No era la lámpara de Aladino, ¡no!
Era lámpara eléctrica de mesilla de noche
E iluminaba el cuarto de mi infancia,
Al que un ventanuco junto al techo apenas
Dejaba llegar la luz hasta la cama.
Era tarde de invierno, la recuerdo
Con esa oscuridad de nubarrones.
Amenazaba lluvia, tal vez hielo.
Hacía mucho que ya no granizaba.
Era una calma tensa, húmeda, quieta,
Densa y pesada, a punto casi
De desplomarse de golpe y aplastarnos.
Era ritual sagrado en mi familia
Dormir la larga siesta con pijama.
Después del cotidiano zafarrancho
De recoger la mesa y la cocina,
El silencio reinaba desde el patio
Al rincón más profundo de los cuartos,
Roto tan sólo por los pájaros
Y el apagado ronquido del abuelo.
Me obligaban a ello, pero nunca
Conseguía dormirme a media tarde.
Así que cuando todos parecían descansar,
Echaba mano, raudo, a mis tebeos
Y pasaba ese rato, convertido
En Jabato o en Trueno, siempre en lucha
Con malvados villanos y asesinos,
Protegiendo a los pobres y a los débiles
De dragones, de lobos y de amos.
Aunque esa tarde oscura lo impedía.
Por lo que decidí encender la vieja lámpara.
Pero se negó en redondo a iluminarme.
Agarré con la zurda su pie helado
De brillante metal, y con la diestra
Intenté hacer girar, haciendo fuerza,
Su cansada bombilla por si acaso
Estuviese la rosca un tanto floja.
Pero aquel intento de obligarla a lucir
A toda costa, no fue muy buena idea.
En el acto, con sus ciento diez voltios
Y no sé qué montón de amperios vino,
Con su furia maldita, la corriente,
A recorrerme con prepotencia el cuerpo:
Desde las uñas de mis pies helados
A las erizadas agujas del cabello.
Y atrapado quedé, como una mosca
Con las patas metidas en la miel.
Grité y grité, al sentir que no era dueño
De mover ambas manos a mi antojo,
Que una cuerda invisible las ataba
Y un extraño temblor me sacudía
Como una fiebre helada que quemara
Mi corazón, mis labios, mis sentidos.
La siesta familiar saltó en pedazos
Y acudieron de golpe a socorrerme.
La primera en llegar, como hacía siempre,
Fue mi abuela Melania.

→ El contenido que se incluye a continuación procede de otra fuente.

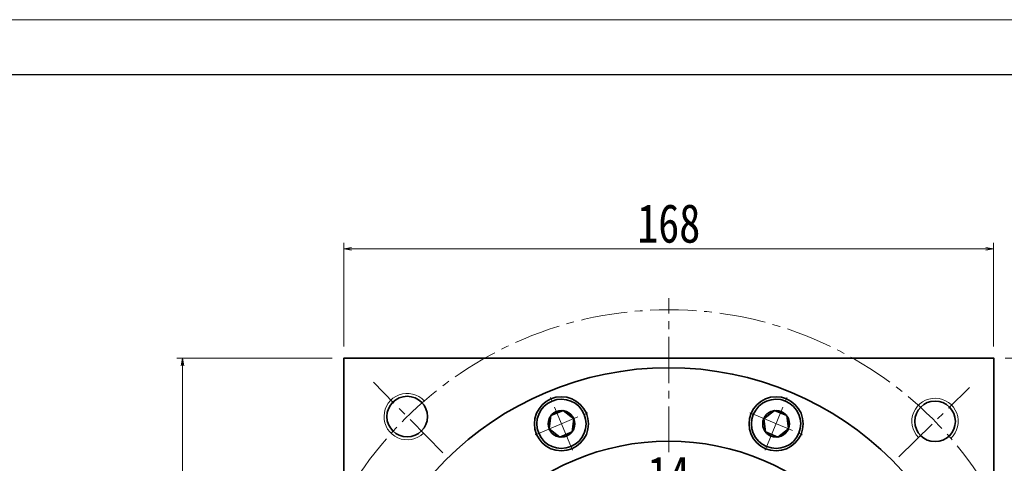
# Model space of a CAD drawing. Header units: millimetres. Extents: x 296 to 1501, y 157 to 1004.
# Tile 7 of 8: x 789 to 1044, y 889 to 1004. Entities that reach past the tile are written whole.
import ezdxf

# ---------------------------------------------------------------- set-up
doc = ezdxf.new("R2010")
doc.units = ezdxf.units.MM
doc.set_wipeout_variables(frame=1)
doc.linetypes.add('点画线', pattern=[18, 12, -2, 2, -2])
for name, color, linetype, lineweight in [('中心线层', 1, '点画线', 18), ('图框_外框线', 7, 'Continuous', 18), ('尺寸线层', 3, 'Continuous', 18), ('粗实线层', 7, 'Continuous', 35)]:
    doc.layers.add(name, color=color, linetype=linetype, lineweight=lineweight)
doc.styles.add('宋体', font='SimSun.ttf', dxfattribs={"width": 0.8})
doc.dimstyles.new('A水平标注$0', dxfattribs={"dimtxt": 3.5, "dimasz": 2, "dimexe": 1.5, "dimexo": 3, "dimgap": 1.1, "dimtad": 1, "dimtoh": 1, "dimdec": 4, "dimdsep": 46, "dimtxsty": '宋体', "dimblk": 'OPEN', "dimcen": 3, "dimclrd": 3, "dimclre": 3, "dimclrt": 6, "dimadec": 0, "dimazin": 0, "dimtm": 1e-09, "dimtfac": 1, "dimtdec": 4, "dimtix": 1, "dimtmove": 0, "dimatfit": 3, "dimldrblk": 'OPEN', "dimfxl": 0, "dimlwd": 13, "dimlwe": 13, "dimarcsym": 0})

# ---------------------------------------------------------------- blocks, each defined once
blk = doc.blocks.new('*X7')
at = {"layer": '中心线层', "linetype": '点画线', "lineweight": 18}
for p, q in [((0, -7.37), (0, 7.37)), ((-7.37, 0), (7.37, 0))]:
    blk.add_line(p, q, dxfattribs=at)
at = {"layer": '粗实线层'}
for p, q in [((-3.46, 0), (-1.73, 3)), ((-1.73, 3), (1.73, 3)), ((3.46, 0), (1.73, 3)), ((3.46, 0), (1.73, 3)), ((-3.46, 0), (-1.73, -3)), ((3.46, 0), (1.73, -3)), ((-1.73, -3), (1.73, -3))]:
    blk.add_line(p, q, dxfattribs=at)
blk.add_circle((0, 0), 3.46, dxfattribs=at)
for start, end in [(0, 180), (180, 360)]:
    blk.add_arc((0, 0), 6.37, start, end, dxfattribs=at)
blk = doc.blocks.new('_Open')
at = {"color": 0, "linetype": 'ByBlock', "lineweight": -2}
for p, q in [((-1, 0.17), (0, 0)), ((-1, -0.17), (0, 0)), ((0, 0), (-1, 0))]:
    blk.add_line(p, q, dxfattribs=at)
blk = doc.blocks.new('*D19')
at = {"layer": 'Defpoints', "color": 0, "transparency": 16777216}
for p in [(1041.17, 944.61), (873.17, 916.33), (1041.17, 916.33)]:
    blk.add_point(p, dxfattribs=at)
at = {"layer": '尺寸线层', "color": 3, "lineweight": 13, "transparency": 16777216}
for p, q in [((873.17, 919.33), (873.17, 946.11)), ((875.17, 944.61), (1039.17, 944.61)), ((1041.17, 919.33), (1041.17, 946.11))]:
    blk.add_line(p, q, dxfattribs=at)
at = {"layer": '尺寸线层', "color": 3, "lineweight": 13, "transparency": 16777216, "xscale": 2, "yscale": 2, "zscale": 2, "rotation": 180}
blk.add_blockref('_Open', (873.17, 944.61), dxfattribs=at)
at = {"layer": '尺寸线层', "color": 3, "lineweight": 13, "transparency": 16777216, "xscale": 2, "yscale": 2, "zscale": 2}
blk.add_blockref('_Open', (1041.17, 944.61), dxfattribs=at)
at = {"layer": '尺寸线层', "color": 6, "transparency": 16777216, "insert": (957.17, 951.11), "char_height": 10, "attachment_point": 5, "style": '宋体', "bg_fill": 3, "box_fill_scale": 1.1, "bg_fill_color": 256, "bg_fill_true_color": 13158600, "bg_fill_transparency": 0}
blk.add_mtext('168', dxfattribs=at)
blk = doc.blocks.new('*D20')
at = {"layer": 'Defpoints', "color": 0, "transparency": 16777216}
for p in [(831.47, 916.33), (873.17, 916.33), (873.17, 748.33)]:
    blk.add_point(p, dxfattribs=at)
at = {"layer": '尺寸线层', "color": 3, "lineweight": 13, "transparency": 16777216}
for p, q in [((870.17, 916.33), (829.97, 916.33)), ((831.47, 750.33), (831.47, 914.33)), ((870.17, 748.33), (829.97, 748.33))]:
    blk.add_line(p, q, dxfattribs=at)
at = {"layer": '尺寸线层', "color": 3, "lineweight": 13, "transparency": 16777216, "xscale": 2, "yscale": 2, "zscale": 2}
for p, rotation in [((831.47, 916.33), 90), ((831.47, 748.33), 270)]:
    blk.add_blockref('_Open', p, dxfattribs=dict(at, rotation=rotation))
at = {"layer": '尺寸线层', "color": 6, "transparency": 16777216, "insert": (824.97, 832.33), "char_height": 10, "attachment_point": 5, "rotation": 90, "style": '宋体', "bg_fill": 3, "box_fill_scale": 1.1, "bg_fill_color": 256, "bg_fill_true_color": 13158600, "bg_fill_transparency": 0}
blk.add_mtext('168', dxfattribs=at)
blk = doc.blocks.new('*D23')
at = {"layer": 'Defpoints', "color": 0, "transparency": 16777216}
for p in [(950.17, 879.45), (950.17, 861.13), (964.17, 861.13)]:
    blk.add_point(p, dxfattribs=at)
at = {"layer": '尺寸线层', "color": 3, "lineweight": 13, "transparency": 16777216}
for p, q in [((950.17, 864.13), (950.17, 880.95)), ((964.17, 864.13), (964.17, 880.95)), ((962.17, 879.45), (952.17, 879.45))]:
    blk.add_line(p, q, dxfattribs=at)
at = {"layer": '尺寸线层', "color": 3, "lineweight": 13, "transparency": 16777216, "xscale": 2, "yscale": 2, "zscale": 2, "rotation": 180}
blk.add_blockref('_Open', (950.17, 879.45), dxfattribs=at)
at = {"layer": '尺寸线层', "color": 3, "lineweight": 13, "transparency": 16777216, "xscale": 2, "yscale": 2, "zscale": 2}
blk.add_blockref('_Open', (964.17, 879.45), dxfattribs=at)
at = {"layer": '尺寸线层', "color": 6, "transparency": 16777216, "insert": (957.17, 885.95), "char_height": 10, "attachment_point": 5, "style": '宋体', "bg_fill": 3, "box_fill_scale": 1.1, "bg_fill_color": 256, "bg_fill_true_color": 13158600, "bg_fill_transparency": 0}
blk.add_mtext('14', dxfattribs=at)
blk = doc.blocks.new('*D28')
at = {"layer": 'Defpoints', "color": 0, "transparency": 16777216}
for p in [(1041.17, 916.33), (1167.19, 916.33), (1046.67, 559.83)]:
    blk.add_point(p, dxfattribs=at)
at = {"layer": '尺寸线层', "color": 3, "lineweight": 13, "transparency": 16777216}
for p, q in [((1044.17, 916.33), (1168.69, 916.33)), ((1167.19, 561.83), (1167.19, 914.33)), ((1049.67, 559.83), (1168.69, 559.83))]:
    blk.add_line(p, q, dxfattribs=at)
at = {"layer": '尺寸线层', "color": 3, "lineweight": 13, "transparency": 16777216, "xscale": 2, "yscale": 2, "zscale": 2}
for p, rotation in [((1167.19, 916.33), 90), ((1167.19, 559.83), 270)]:
    blk.add_blockref('_Open', p, dxfattribs=dict(at, rotation=rotation))
at = {"layer": '尺寸线层', "color": 6, "transparency": 16777216, "insert": (1160.69, 738.08), "char_height": 10, "attachment_point": 5, "rotation": 90, "style": '宋体', "bg_fill": 3, "box_fill_scale": 1.1, "bg_fill_color": 256, "bg_fill_true_color": 13158600, "bg_fill_transparency": 0}
blk.add_mtext('356.5', dxfattribs=at)

msp = doc.modelspace()

# ---------------------------------------------------------------- linework, layer by layer
at = {"layer": '中心线层'}
for p, q in [((957.17415, 729.83103), (957.17415, 931.83103)), ((898.7235, 891.84442), (880.83824, 910.05487)), ((1016.68754, 890.78168), (1034.89799, 908.66695))]:
    msp.add_line(p, q, dxfattribs=at)
msp.add_circle((957.17415, 832.33103), 96.5, dxfattribs=at)
at = {"layer": '粗实线层'}
for centre, radius in [((957.17415, 832.33103), 81.5), ((889.55583, 901.17878), 5.25), ((929.4296, 899.3123), 7), ((984.9187, 899.3123), 7), ((1026.0219, 899.94936), 5.25), ((957.17415, 832.33103), 62.5)]:
    msp.add_circle(centre, radius, dxfattribs=at)
at = {"layer": '粗实线层', "lineweight": 18}
for centre, start, end in [((889.55583, 901.17878), 42.7023328, 314.4838358), ((1026.0219, 899.94936), 312.7023328, 224.4838358)]:
    msp.add_arc(centre, 6, start, end, dxfattribs=at)

# ---------------------------------------------------------------- next in the draw order: wipeouts: each hides what was drawn before it
for points in [[(935.31009, 901.74808), (935.29707, 901.77928), (935.28388, 901.81042), (935.27053, 901.84149), (935.25701, 901.87248), (935.24333, 901.9034), (935.22948, 901.93425), (935.21547, 901.96503), (935.20129, 901.99573), (935.18696, 902.02635), (935.17246, 902.0569), (935.15779, 902.08737), (935.14297, 902.11776), (935.12799, 902.14808), (935.11284, 902.17831), (935.09753, 902.20846), (935.08207, 902.23853), (935.06644, 902.26852), (935.05066, 902.29843), (935.03471, 902.32825), (935.01861, 902.35798), (935.00235, 902.38763), (934.98594, 902.41719), (934.96936, 902.44667), (934.95263, 902.47605), (934.93575, 902.50535), (934.91871, 902.53456), (934.90151, 902.56367), (934.88416, 902.5927), (934.86666, 902.62163), (934.849, 902.65047), (934.849, 902.65047), (934.68601, 902.90165), (934.51139, 903.14488), (934.32552, 903.37964), (934.12881, 903.60539), (933.92171, 903.82164), (933.70466, 904.02792), (933.47816, 904.22376), (933.24269, 904.40872), (932.99879, 904.58241), (932.74699, 904.74444), (932.48784, 904.89445), (932.22193, 905.0321), (931.94984, 905.15709), (931.67217, 905.26915), (931.38954, 905.36803), (931.10257, 905.4535), (930.8119, 905.52539), (930.51817, 905.58352), (930.22203, 905.62778), (929.92413, 905.65806), (929.62515, 905.67429), (929.32572, 905.67645), (929.02653, 905.66452), (928.72824, 905.63854), (928.43149, 905.59855), (928.13695, 905.54466), (927.84527, 905.47697), (927.5571, 905.39563), (927.27308, 905.30084), (926.99382, 905.19279), (926.99382, 905.19279), (926.71996, 905.07173), (926.45209, 904.93792), (926.19081, 904.79167), (925.9367, 904.63328), (925.69032, 904.46312), (925.45222, 904.28157), (925.22291, 904.08901), (925.00292, 903.88589), (924.79272, 903.67264), (924.59279, 903.44974), (924.40355, 903.21769), (924.22545, 902.97699), (924.05885, 902.72819), (923.90415, 902.47182), (923.76167, 902.20846), (923.63173, 901.9387), (923.51463, 901.66312), (923.41062, 901.38233), (923.31992, 901.09697), (923.24275, 900.80766), (923.17927, 900.51504), (923.12962, 900.21975), (923.09391, 899.92246), (923.07223, 899.62382), (923.06461, 899.32449), (923.07108, 899.02513), (923.09162, 898.72641), (923.12619, 898.42898), (923.17471, 898.13351), (923.23707, 897.84065), (923.23707, 897.84065), (923.24497, 897.80777), (923.25305, 897.77493), (923.26131, 897.74214), (923.26974, 897.70939), (923.27834, 897.67669), (923.28712, 897.64404), (923.29607, 897.61143), (923.30519, 897.57887), (923.31448, 897.54636), (923.32395, 897.51389), (923.33359, 897.48148), (923.3434, 897.44912), (923.35339, 897.41682), (923.36354, 897.38456), (923.37387, 897.35236), (923.38437, 897.32022), (923.39504, 897.28813), (923.40588, 897.2561), (923.41688, 897.22413), (923.42806, 897.19221), (923.43941, 897.16036), (923.45093, 897.12857), (923.46261, 897.09684), (923.47447, 897.06517), (923.48649, 897.03356), (923.49868, 897.00202), (923.51104, 896.97055), (923.52356, 896.93914), (923.53625, 896.90779), (923.54911, 896.87652), (923.54911, 896.87652), (923.68465, 896.5721), (923.83593, 896.27518), (924.00255, 895.9866), (924.18404, 895.70712), (924.37991, 895.43753), (924.58962, 895.17856), (924.81259, 894.93092), (925.04822, 894.69529), (925.29586, 894.47231), (925.55484, 894.2626), (925.82443, 894.06674), (926.1039, 893.88524), (926.39249, 893.71863), (926.6894, 893.56734), (926.99382, 893.43181), (927.30492, 893.31239), (927.62184, 893.20941), (927.94372, 893.12316), (928.26967, 893.05388), (928.5988, 893.00175), (928.93021, 892.96692), (929.26299, 892.94948), (929.59622, 892.94948), (929.92899, 892.96692), (930.2604, 893.00175), (930.58953, 893.05388), (930.91548, 893.12316), (931.23736, 893.20941), (931.55428, 893.31239), (931.86538, 893.43181), (931.86538, 893.43181), (932.1698, 893.56734), (932.46672, 893.71863), (932.75531, 893.88524), (933.03478, 894.06674), (933.30437, 894.2626), (933.56334, 894.47231), (933.81098, 894.69529), (934.04661, 894.93092), (934.26959, 895.17856), (934.4793, 895.43753), (934.67516, 895.70712), (934.85666, 895.9866), (935.02327, 896.27518), (935.17456, 896.5721), (935.31009, 896.87652), (935.42951, 897.18762), (935.53249, 897.50454), (935.61874, 897.82642), (935.68802, 898.15237), (935.74015, 898.4815), (935.77498, 898.81291), (935.79242, 899.14568), (935.79242, 899.47891), (935.77498, 899.81169), (935.74015, 900.1431), (935.68802, 900.47223), (935.61874, 900.79818), (935.53249, 901.12006), (935.42951, 901.43698)], [(990.79919, 896.87652), (990.81205, 896.90779), (990.82474, 896.93914), (990.83727, 896.97055), (990.84962, 897.00202), (990.86181, 897.03356), (990.87383, 897.06517), (990.88569, 897.09684), (990.89737, 897.12857), (990.90889, 897.16036), (990.92024, 897.19221), (990.93142, 897.22413), (990.94243, 897.2561), (990.95326, 897.28813), (990.96393, 897.32022), (990.97443, 897.35236), (990.98476, 897.38456), (990.99491, 897.41682), (991.0049, 897.44912), (991.01471, 897.48148), (991.02435, 897.51389), (991.03382, 897.54636), (991.04311, 897.57887), (991.05224, 897.61143), (991.06118, 897.64404), (991.06996, 897.67669), (991.07856, 897.70939), (991.08699, 897.74214), (991.09525, 897.77493), (991.10333, 897.80777), (991.11123, 897.84065), (991.11123, 897.84065), (991.17359, 898.13351), (991.22211, 898.42898), (991.25668, 898.72641), (991.27722, 899.02513), (991.28369, 899.32449), (991.27607, 899.62382), (991.25439, 899.92246), (991.21868, 900.21975), (991.16903, 900.51504), (991.10555, 900.80766), (991.02838, 901.09697), (990.93768, 901.38233), (990.83367, 901.66312), (990.71657, 901.9387), (990.58663, 902.20846), (990.44415, 902.47182), (990.28945, 902.72819), (990.12286, 902.97699), (989.94475, 903.21769), (989.75552, 903.44974), (989.55558, 903.67264), (989.34538, 903.88589), (989.12539, 904.08901), (988.89609, 904.28157), (988.65798, 904.46312), (988.4116, 904.63328), (988.15749, 904.79167), (987.89621, 904.93792), (987.62834, 905.07173), (987.35448, 905.19279), (987.35448, 905.19279), (987.07522, 905.30084), (986.7912, 905.39563), (986.50303, 905.47697), (986.21135, 905.54466), (985.91681, 905.59855), (985.62007, 905.63854), (985.32177, 905.66452), (985.02258, 905.67645), (984.72316, 905.67429), (984.42417, 905.65806), (984.12627, 905.62778), (983.83013, 905.58352), (983.5364, 905.52539), (983.24573, 905.4535), (982.95876, 905.36803), (982.67613, 905.26915), (982.39846, 905.15709), (982.12637, 905.0321), (981.86046, 904.89445), (981.60131, 904.74444), (981.34951, 904.58241), (981.10561, 904.40872), (980.87014, 904.22376), (980.64364, 904.02792), (980.42659, 903.82164), (980.21949, 903.60539), (980.02278, 903.37964), (979.83692, 903.14488), (979.66229, 902.90165), (979.4993, 902.65047), (979.4993, 902.65047), (979.48164, 902.62163), (979.46414, 902.5927), (979.44679, 902.56367), (979.42959, 902.53456), (979.41255, 902.50535), (979.39567, 902.47605), (979.37894, 902.44667), (979.36236, 902.41719), (979.34595, 902.38763), (979.32969, 902.35798), (979.31359, 902.32825), (979.29764, 902.29843), (979.28186, 902.26852), (979.26623, 902.23853), (979.25077, 902.20846), (979.23546, 902.17831), (979.22032, 902.14808), (979.20533, 902.11776), (979.19051, 902.08737), (979.17584, 902.0569), (979.16134, 902.02635), (979.14701, 901.99573), (979.13283, 901.96503), (979.11882, 901.93425), (979.10497, 901.9034), (979.09129, 901.87248), (979.07777, 901.84149), (979.06442, 901.81042), (979.05123, 901.77928), (979.03821, 901.74808), (979.03821, 901.74808), (978.91879, 901.43698), (978.81581, 901.12006), (978.72956, 900.79818), (978.66028, 900.47223), (978.60815, 900.1431), (978.57332, 899.81169), (978.55588, 899.47891), (978.55588, 899.14568), (978.57332, 898.81291), (978.60815, 898.4815), (978.66028, 898.15237), (978.72956, 897.82642), (978.81581, 897.50454), (978.91879, 897.18762), (979.03821, 896.87652), (979.17374, 896.5721), (979.32503, 896.27518), (979.49164, 895.9866), (979.67314, 895.70712), (979.86901, 895.43753), (980.07872, 895.17856), (980.30169, 894.93092), (980.53732, 894.69529), (980.78496, 894.47231), (981.04393, 894.2626), (981.31352, 894.06674), (981.593, 893.88524), (981.88158, 893.71863), (982.1785, 893.56734), (982.48292, 893.43181), (982.48292, 893.43181), (982.79402, 893.31239), (983.11094, 893.20941), (983.43282, 893.12316), (983.75877, 893.05388), (984.0879, 893.00175), (984.41931, 892.96692), (984.75208, 892.94948), (985.08532, 892.94948), (985.41809, 892.96692), (985.7495, 893.00175), (986.07863, 893.05388), (986.40458, 893.12316), (986.72646, 893.20941), (987.04338, 893.31239), (987.35448, 893.43181), (987.6589, 893.56734), (987.95581, 893.71863), (988.2444, 893.88524), (988.52388, 894.06674), (988.79347, 894.2626), (989.05244, 894.47231), (989.30008, 894.69529), (989.53571, 894.93092), (989.75868, 895.17856), (989.96839, 895.43753), (990.16426, 895.70712), (990.34575, 895.9866), (990.51237, 896.27518), (990.66365, 896.5721)]]:
    msp.add_wipeout(points).dxf.layer = '粗实线层'

# ---------------------------------------------------------------- next in the draw order: linework, layer by layer
at = {"layer": '粗实线层'}
msp.add_lwpolyline([(873.17415, 748.33103), (873.17415, 916.33103), (1041.17415, 916.33103), (1041.17415, 748.33103)], close=True, dxfattribs=at)

# ---------------------------------------------------------------- next in the draw order: block references
for p, rotation in [((929.4296, 899.3123), 22.5), ((984.9187, 899.3123), 337.5000000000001)]:
    msp.add_blockref('*X7', p, dxfattribs=dict(at, rotation=rotation))

# ---------------------------------------------------------------- next in the draw order: dimensions: what is measured, and where the dimension line sits
at = {"layer": '尺寸线层'}
for base, p1, p2, picture, middle in [((1041.17415, 944.60831), (873.17415, 916.33103), (1041.17415, 916.33103), '*D19', (957.17415, 951.10831)), ((950.17415, 879.44669), (964.17415, 861.13103), (950.17415, 861.13103), '*D23', (957.17415, 885.94669))]:
    dim = msp.add_linear_dim(base=base, p1=p1, p2=p2, dimstyle='A水平标注$0', override={"dimtxt": 10, "dimgap": 1.5, "dimblk": 'Open', "dimtfill": 1, "dimtfillclr": 256}, dxfattribs=at)
    dim.commit()
    dim.dimension.update_dxf_attribs({"geometry": picture, "text_midpoint": middle})

# ---------------------------------------------------------------- next in the draw order: dimensions: what is measured, and where the dimension line sits
dim = msp.add_linear_dim(base=(831.47341, 916.33103), p1=(873.17415, 748.33103), p2=(873.17415, 916.33103), angle=90, dimstyle='A水平标注$0', override={"dimtxt": 10, "dimgap": 1.5, "dimblk": 'Open', "dimtfill": 1, "dimtfillclr": 256}, dxfattribs=at)
dim.commit()
dim.dimension.update_dxf_attribs({"geometry": '*D20', "text_midpoint": (824.97341, 832.33103)})

# ---------------------------------------------------------------- next in the draw order: linework, layer by layer
at = {"layer": '图框_外框线', "color": 3}
msp.add_lwpolyline([(301.4766, 157.09678), (1498.95889, 157.09678), (1498.95889, 1003.88782), (301.4766, 1003.88782)], close=True, dxfattribs=at)
at = {"layer": '图框_外框线', "color": 3, "lineweight": 25}
msp.add_lwpolyline([(372.75531, 171.35252), (1484.70315, 171.35252), (1484.70315, 989.63208), (372.75531, 989.63208)], close=True, dxfattribs=at)

# ---------------------------------------------------------------- next in the draw order: dimensions: what is measured, and where the dimension line sits
at = {"layer": '尺寸线层'}
dim = msp.add_linear_dim(base=(1167.18779, 916.33103), p1=(1046.67415, 559.83104), p2=(1041.17415, 916.33103), angle=90, dimstyle='A水平标注$0', override={"dimtxt": 10, "dimgap": 1.5}, dxfattribs=at)
dim.commit()
dim.dimension.update_dxf_attribs({"geometry": '*D28', "text_midpoint": (1160.68779, 738.08103)})

doc.saveas('drawing.dxf')

Vano intento:
Tirando de mis hombros con ahínco
quedó presa conmigo de aquel genio
Furioso e invisible de la lámpara.
El abuelo gritó. Su voz metálica
Sacudió las paredes de la casa.
Acto seguido cesó el temblor y pude
Librarme de una vez del maleficio,
Al igual que la abuela, en un instante
Que para mí fue mágico y acaso
Para el resto de la familia; todos
Sin excepción, lloraban y reían.
Me abrazaron, me besaron, me apretujaron…
Y en cuanto pude, huí de su vorágine.
Intenté borrar el susto de mi cara
En el chorro de agua del lavabo,
Pero apareció, de pronto, en el espejo
El rostro de otro niño, pálido,
Despeinado, de cárdenos labios
Y ojos desorbitados, al que no conocía.
Más asustado aún de lo que estaba,
Eché a correr como alma que se llevara el diablo.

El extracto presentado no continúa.